Australia’s peak doctors’ group is calling on the Commonwealth to fund a quality aged care workforce following the release of a member survey that raises concerns over doctors cutting back on facility visits, a lack of trained nurses and inadequate financial compensation.
The fourth Australian Medical Association Aged Care Survey, which was carried out in November 2017, involved 608 general practitioners, consultant physicians, and palliative care and geriatrician specialists.
The most urgent aged care issues reported by all respondents are improved availability of suitably trained and experienced nurses and other health professionals (67 per cent) followed by increasing funding for medical practitioners (58 per cent), according to the survey.
Almost two-thirds of the medical practitioners surveyed visit residential aged care facilities (64 per cent), which is a 14 per cent decrease since the 2015 survey.

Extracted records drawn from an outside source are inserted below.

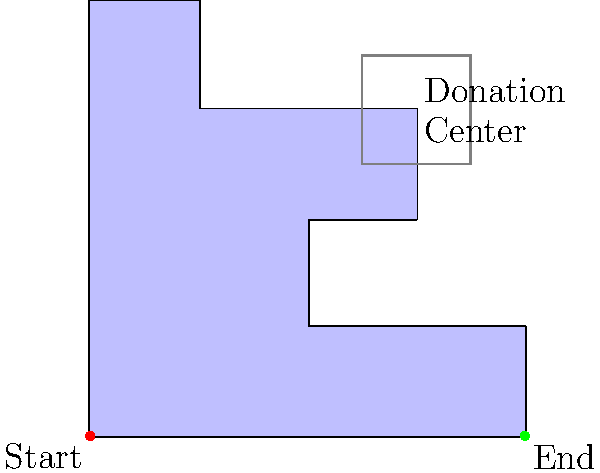In this maze representing a charity event in Port of Spain, you start at the red dot and need to reach the green dot. The gray square represents a donation center. What is the minimum number of 90-degree turns required to reach the end while passing through the donation center? Let's navigate the maze step-by-step:

1. Start at the red dot (0,0).
2. Move upwards to (0,4). This is our first turn.
3. Turn right and move to (1,4). Second turn.
4. Turn down to (1,3). Third turn.
5. Turn right to (3,3), entering the donation center. Fourth turn.
6. Exit the donation center, turning down to (3,2). Fifth turn.
7. Turn left to (2,2). Sixth turn.
8. Turn down to (2,1). Seventh turn.
9. Turn right to (4,1). Eighth turn.
10. Finally, turn down to reach the end at (4,0). Ninth turn.

In total, we made 9 90-degree turns while navigating through the maze and passing through the donation center.
Answer: 9 turns 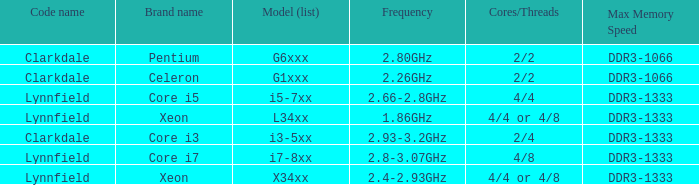What brand is model G6xxx? Pentium. 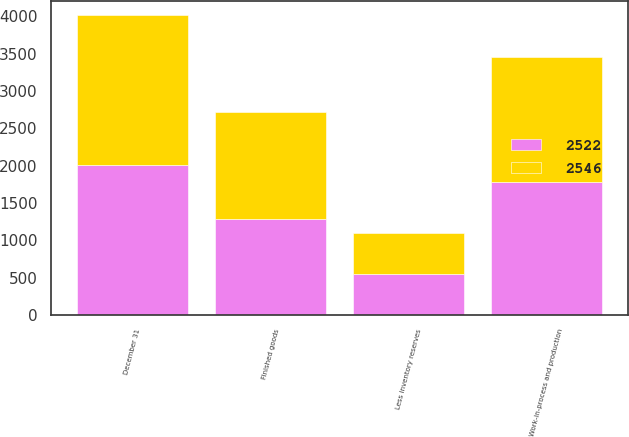Convert chart. <chart><loc_0><loc_0><loc_500><loc_500><stacked_bar_chart><ecel><fcel>December 31<fcel>Finished goods<fcel>Work-in-process and production<fcel>Less inventory reserves<nl><fcel>2522<fcel>2005<fcel>1287<fcel>1784<fcel>549<nl><fcel>2546<fcel>2004<fcel>1429<fcel>1665<fcel>548<nl></chart> 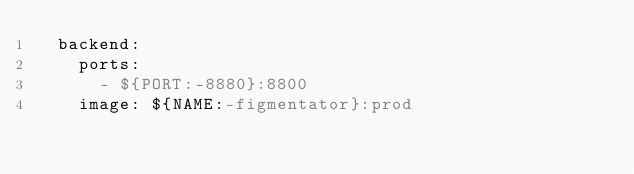Convert code to text. <code><loc_0><loc_0><loc_500><loc_500><_YAML_>  backend:
    ports:
      - ${PORT:-8880}:8800
    image: ${NAME:-figmentator}:prod
</code> 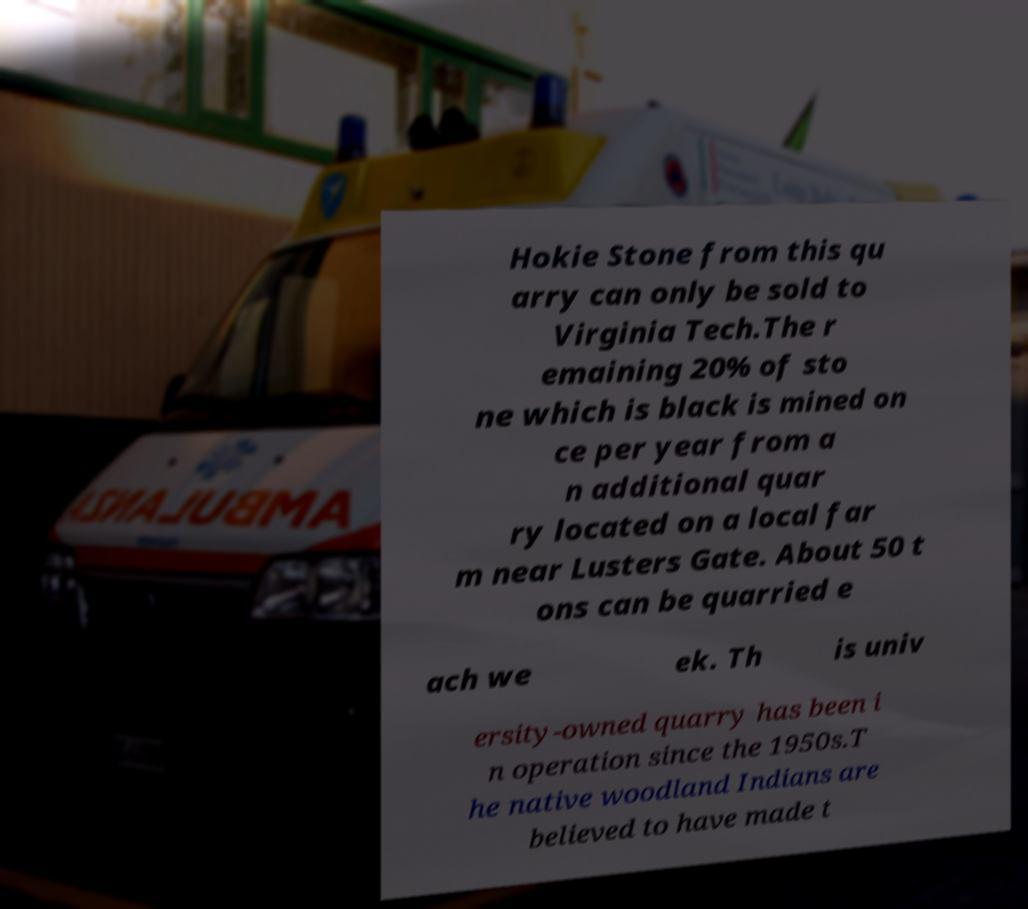Could you extract and type out the text from this image? Hokie Stone from this qu arry can only be sold to Virginia Tech.The r emaining 20% of sto ne which is black is mined on ce per year from a n additional quar ry located on a local far m near Lusters Gate. About 50 t ons can be quarried e ach we ek. Th is univ ersity-owned quarry has been i n operation since the 1950s.T he native woodland Indians are believed to have made t 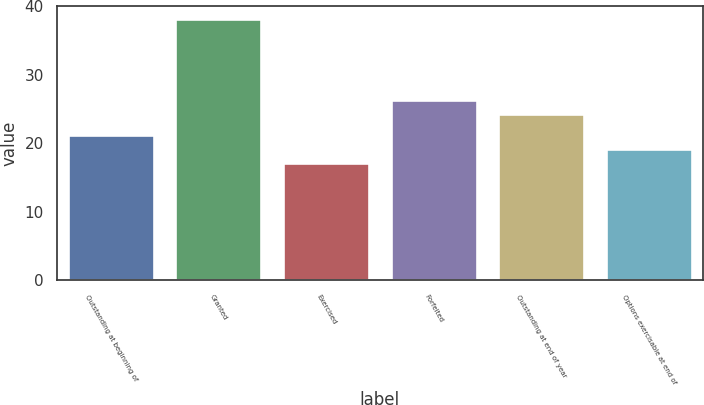Convert chart to OTSL. <chart><loc_0><loc_0><loc_500><loc_500><bar_chart><fcel>Outstanding at beginning of<fcel>Granted<fcel>Exercised<fcel>Forfeited<fcel>Outstanding at end of year<fcel>Options exercisable at end of<nl><fcel>21.28<fcel>38.17<fcel>17.06<fcel>26.37<fcel>24.26<fcel>19.17<nl></chart> 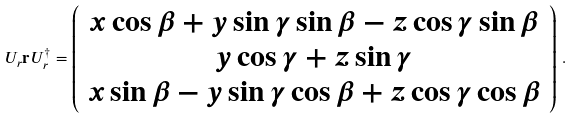<formula> <loc_0><loc_0><loc_500><loc_500>U _ { r } \mathbf r U _ { r } ^ { \dagger } = \left ( \begin{array} { c } x \cos \beta + y \sin \gamma \sin \beta - z \cos \gamma \sin \beta \\ y \cos \gamma + z \sin \gamma \\ x \sin \beta - y \sin \gamma \cos \beta + z \cos \gamma \cos \beta \end{array} \right ) \, .</formula> 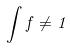Convert formula to latex. <formula><loc_0><loc_0><loc_500><loc_500>\int f \ne 1</formula> 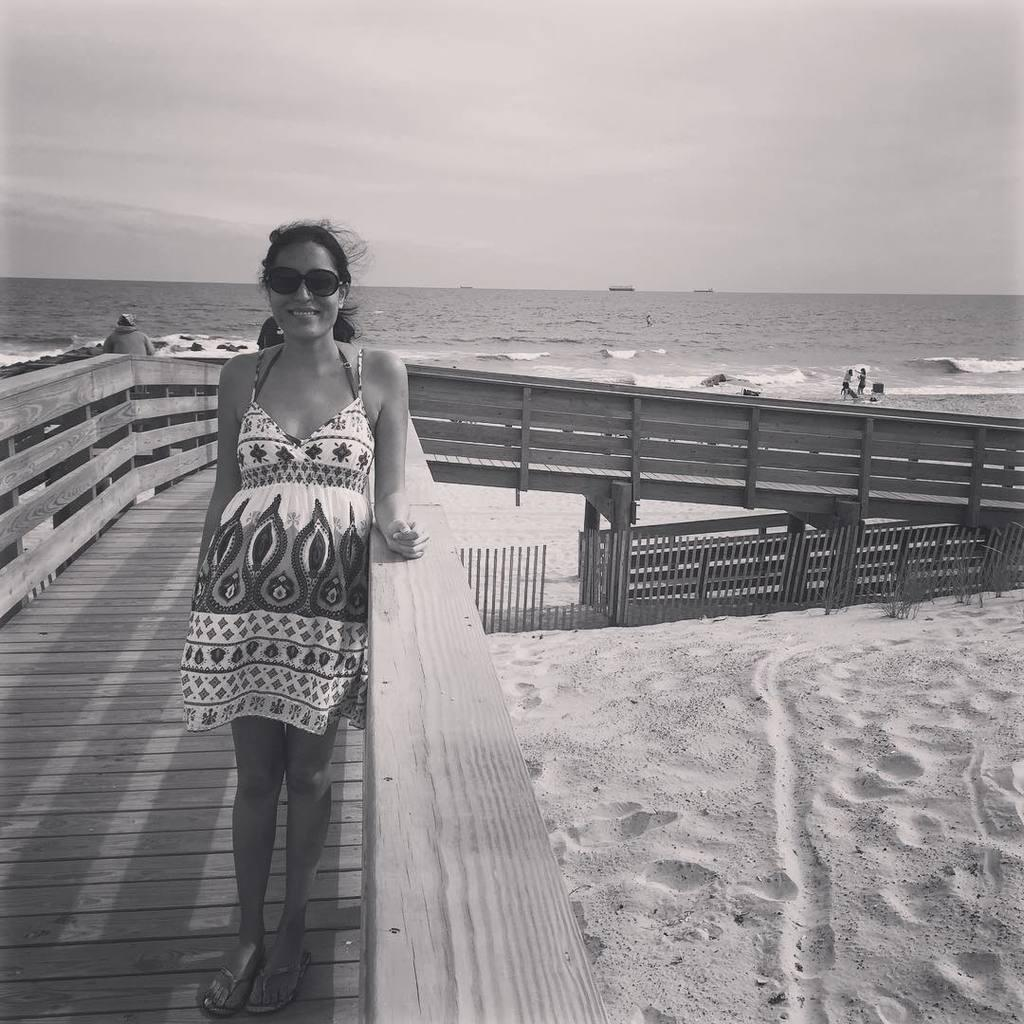Who or what can be seen in the image? There are people in the image. Can you describe the lady's position in the image? A lady is standing on a wooden path. What can be seen in the background of the image? The sky is visible in the image. What natural feature is present in the image? The ocean is present in the image. What type of authority does the lady have over the ocean in the image? There is no indication of the lady having any authority over the ocean in the image. Can you describe the lady's head in the image? The lady's head is not visible in the image, as she is facing away from the camera. 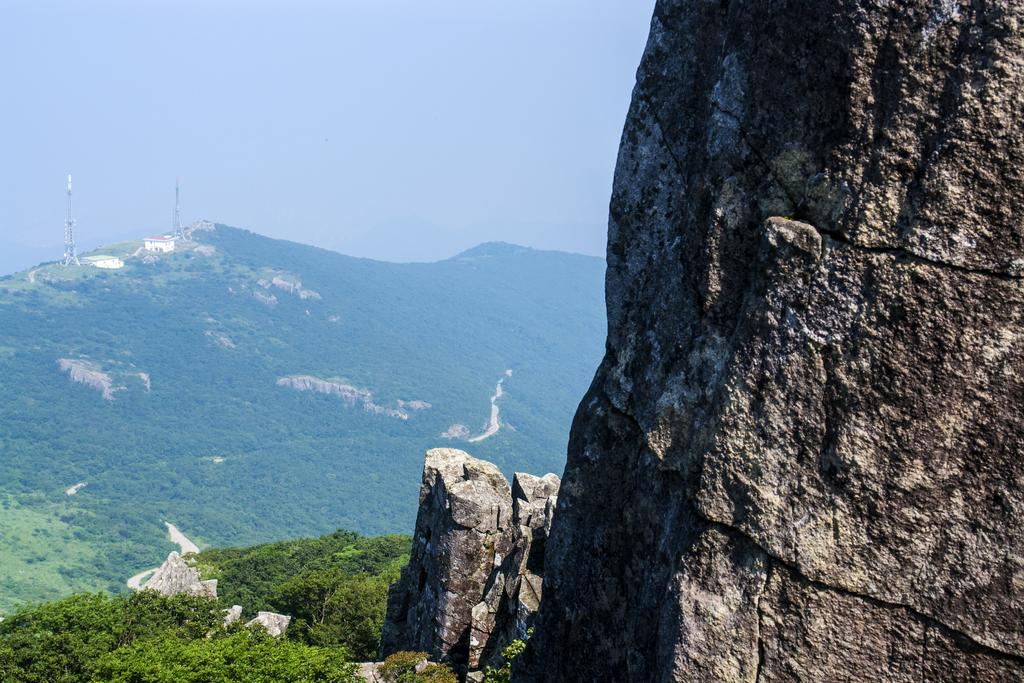What type of natural features can be seen in the image? There are rocks, trees, and mountains in the image. Can you describe the sky in the image? The sky appears gloomy in the image. What type of pen is visible in the image? There is no pen present in the image. What type of net can be seen in the image? There is no net present in the image. 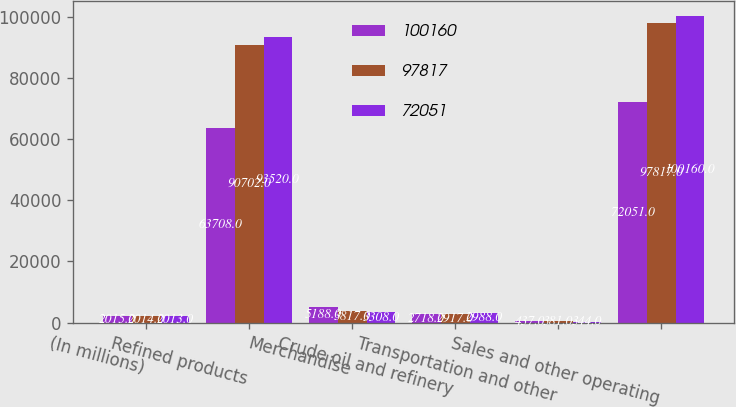<chart> <loc_0><loc_0><loc_500><loc_500><stacked_bar_chart><ecel><fcel>(In millions)<fcel>Refined products<fcel>Merchandise<fcel>Crude oil and refinery<fcel>Transportation and other<fcel>Sales and other operating<nl><fcel>100160<fcel>2015<fcel>63708<fcel>5188<fcel>2718<fcel>437<fcel>72051<nl><fcel>97817<fcel>2014<fcel>90702<fcel>3817<fcel>2917<fcel>381<fcel>97817<nl><fcel>72051<fcel>2013<fcel>93520<fcel>3308<fcel>2988<fcel>344<fcel>100160<nl></chart> 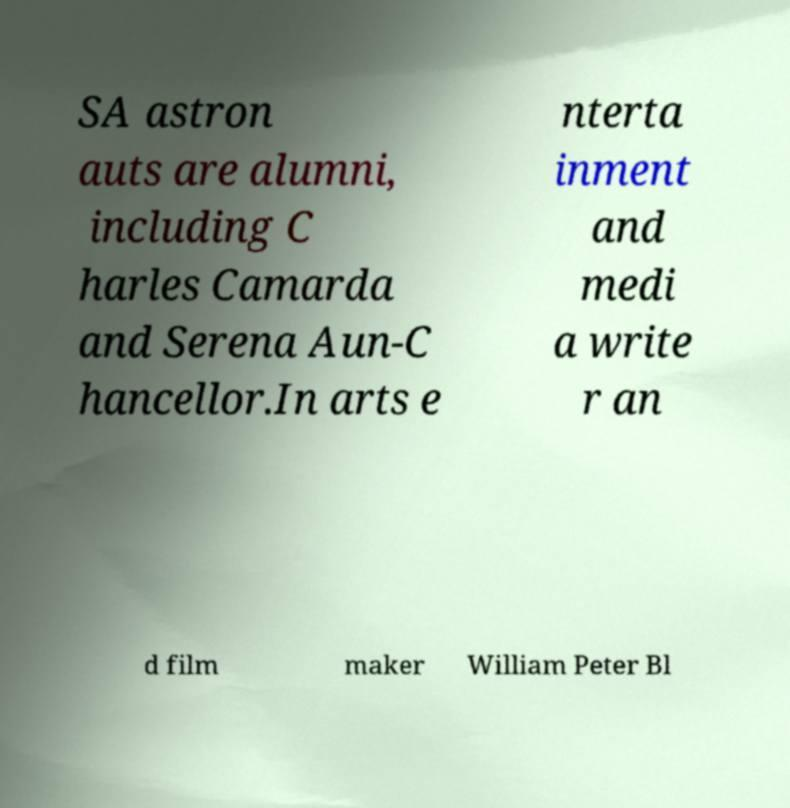Can you read and provide the text displayed in the image?This photo seems to have some interesting text. Can you extract and type it out for me? SA astron auts are alumni, including C harles Camarda and Serena Aun-C hancellor.In arts e nterta inment and medi a write r an d film maker William Peter Bl 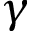<formula> <loc_0><loc_0><loc_500><loc_500>\gamma</formula> 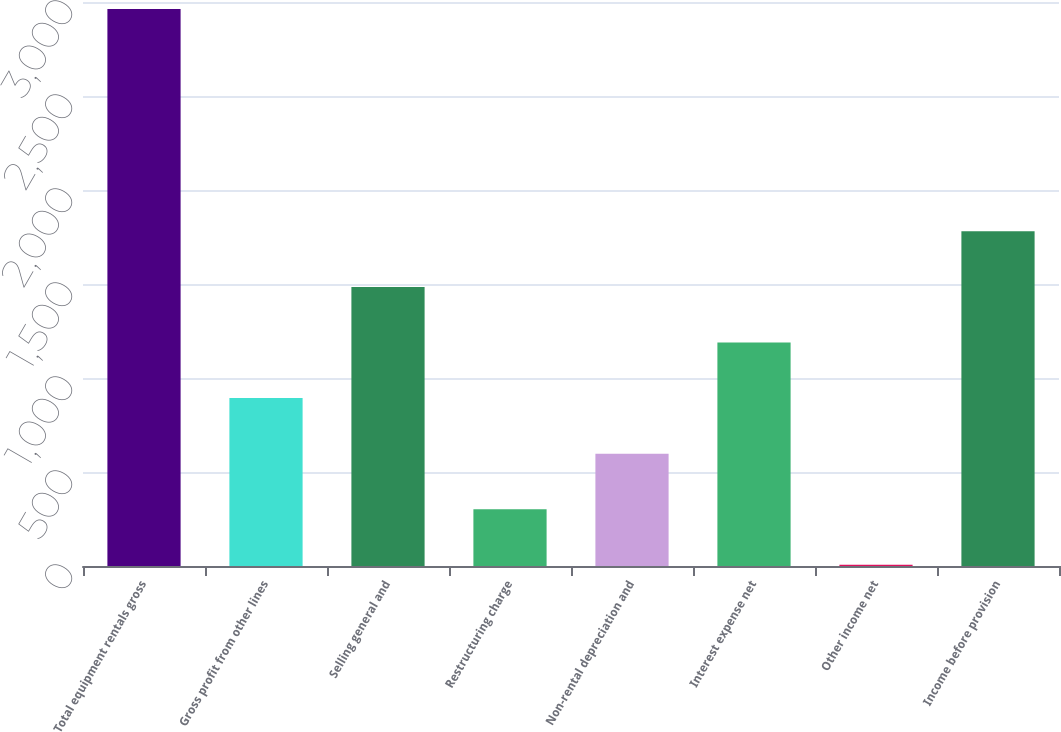Convert chart to OTSL. <chart><loc_0><loc_0><loc_500><loc_500><bar_chart><fcel>Total equipment rentals gross<fcel>Gross profit from other lines<fcel>Selling general and<fcel>Restructuring charge<fcel>Non-rental depreciation and<fcel>Interest expense net<fcel>Other income net<fcel>Income before provision<nl><fcel>2963<fcel>893.1<fcel>1484.5<fcel>301.7<fcel>597.4<fcel>1188.8<fcel>6<fcel>1780.2<nl></chart> 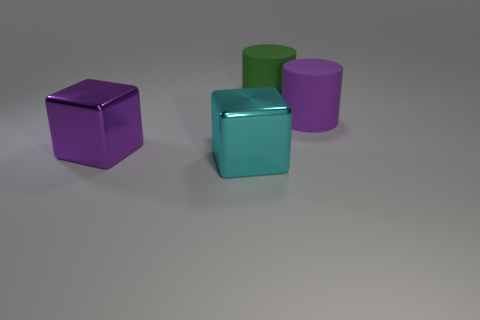Can you describe the shapes and colors of the objects in the image? Certainly! The image showcases three geometric objects placed on a flat surface. From left to right, there is a cube with a purple matte finish, a slightly larger cube with a glossy cyan surface, and a matte cylinder with a soft purple hue. The background is neutral, creating a contrast that highlights the objects. 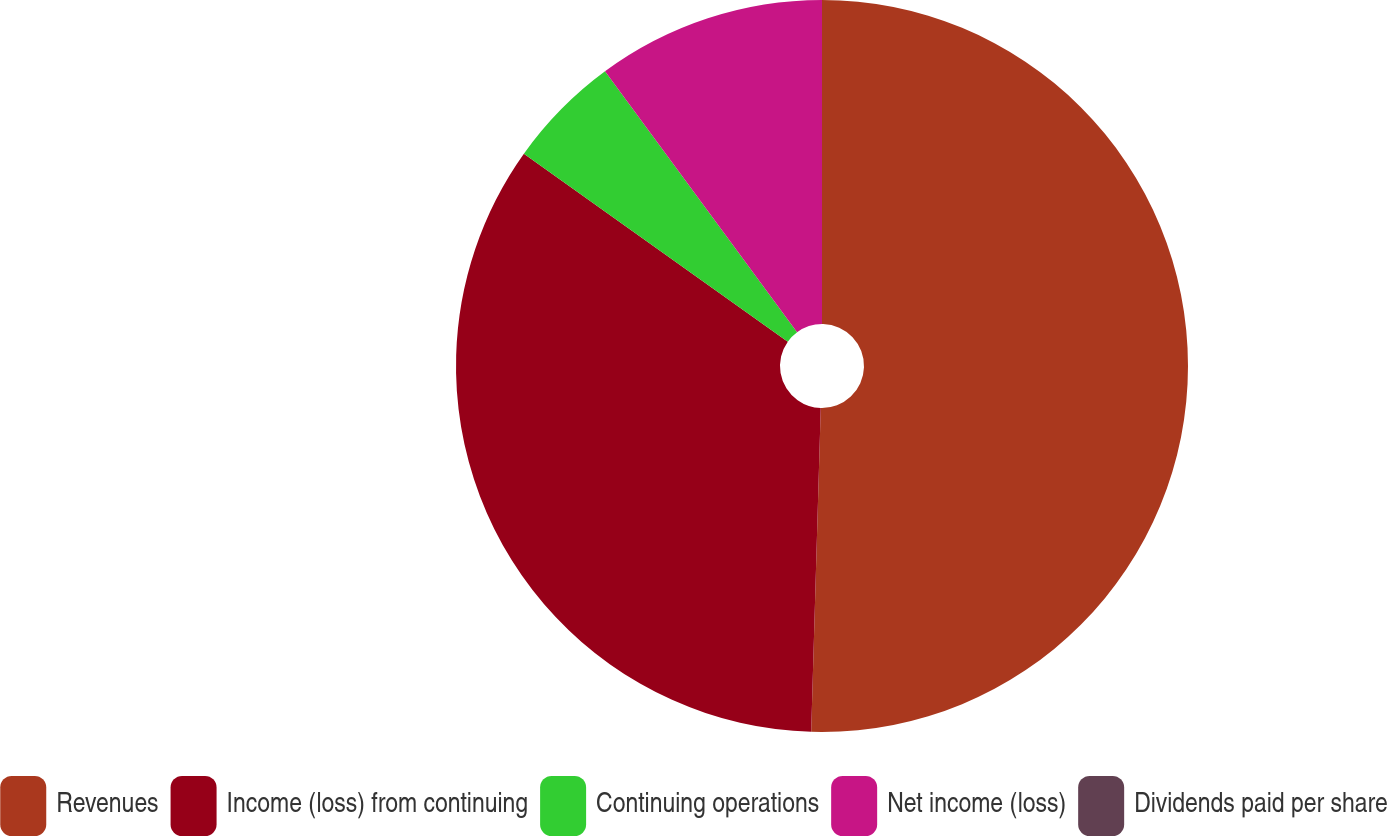Convert chart. <chart><loc_0><loc_0><loc_500><loc_500><pie_chart><fcel>Revenues<fcel>Income (loss) from continuing<fcel>Continuing operations<fcel>Net income (loss)<fcel>Dividends paid per share<nl><fcel>50.47%<fcel>34.38%<fcel>5.05%<fcel>10.1%<fcel>0.0%<nl></chart>

In response to a question on clinical handover, around 63 per cent of aged care doctors said facility processes ensured a reliable clinical handover always (23 per cent) or often (40 per cent) while the remaining reported a reliable handover only occasionally or sometimes (26 per cent), rarely (9 per cent) or never (2 per cent).
Most doctors said a nurse’s level of expertise was required to conduct a professionally responsible handover (85 per cent).
Compared to two years ago, doctors are making more visits to facilities (from 7.4 to 8.6 visits per month) and spending more time with patients (from 6.5 to 6.6 patients per visit), the survey found.
However, among the 129 aged care doctors who responded to a question about intentions to visit facilities over the next two years, more than a third said they intend to decrease their visits (20 per cent), not take on any new patients (7 per cent) or stop visiting facilities altogether (9 per cent).
Just over half of this group said they intend to maintain the number of facility visits (53 per cent) while almost 12 per cent said they planned to increase the number of visits.
Doctors were asked about access to treatment rooms in facilities, which an area that has been highlighted previously as lacking and therefore a deterrent to doctors visiting facilities.
More than half of aged care doctors said facilities never (36 per cent) or rarely (22 per cent) have treatment or visiting rooms with the remaining reporting rooms available sometimes (24 per cent), often (10 per cent) and never (8 per cent).
Aged care GP and AMA President Dr Tony Bartone said the survey raised concerns over providing medical care to aged care residents and action was needed now.
“The current aged care workforce does not have the capability, capacity and connectedness to adequately meet the needs of older people,” he said.
“There must be adequate funding to ensure that Australia’s ageing population has access to quality medical care through a quality aged care workforce. This must be an urgent priority,” Dr Bartone said.
Aged and Community Services Australia CEO Pat Sparrow said doctors had a responsibility to ensure positive health outcomes for aged care residents just as for any other patient they treat.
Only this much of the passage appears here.